Tangent plane to a surface parallel to a plane

Question

I can't solve the following question : Write the coefficient D of tangent plane $ x+By+Cz=D $ to the surface defined by equation $ 2x^2+3y^2+z^2=13/6 $ parallel to the plane $ x+y+z=1 $. Assume that the intersection of the plain and the surface happens in the positive octant.

So I calculate the gradient of the surface's equation, let's write $ \nabla (f) = 4x +6y + 2z $.

It needs to be a multiple of plane equation $ x+y+z=1 $ so we get the following equation system:

$ 4x= \lambda ; 6y = \lambda ; $ and $2z= \lambda $

I solve this equation and I get $(\frac{\lambda}{4};\frac{\lambda}{6};\frac{\lambda}{2}) $ but then what I am supposed to do ?
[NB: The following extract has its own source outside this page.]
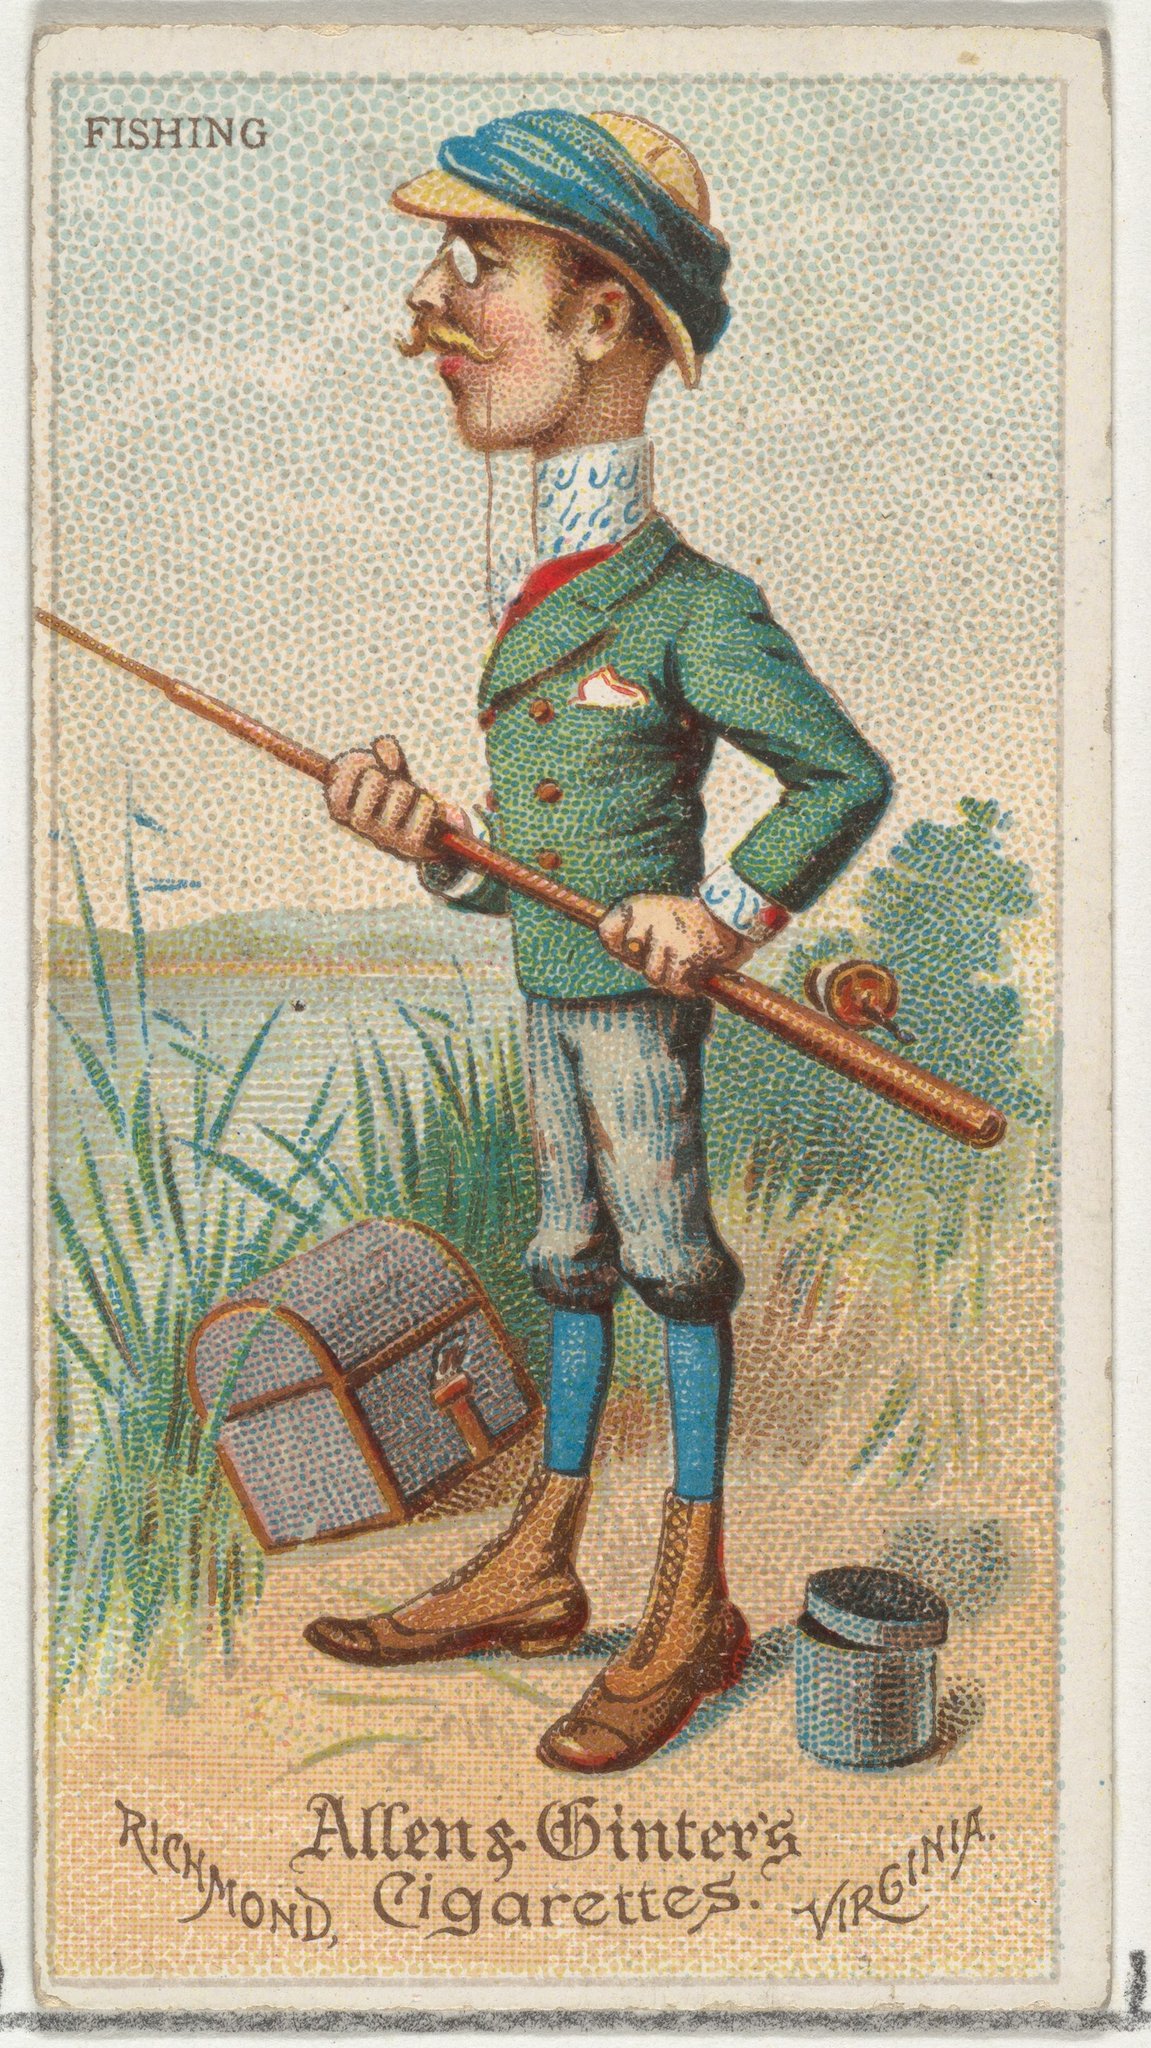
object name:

I read that we need to plug it into the equation but why ?

thanks for any help.

as helper told me, answer is 1.99

Answer 1

HINT: As the point is on your curve,

$2(\frac{\lambda}{4})^2 +3 (\frac{\lambda}{6})^2 + (\frac{\lambda}{2})^2 = \frac{13}{6}$

Find $\lambda$.

The equation of the tangent plane will be given by

$(x - \frac{\lambda}{4}) + (y - \frac{\lambda}{6}) + (z - \frac{\lambda}{2}) = 0$

You can resolve it to find the value of $D$.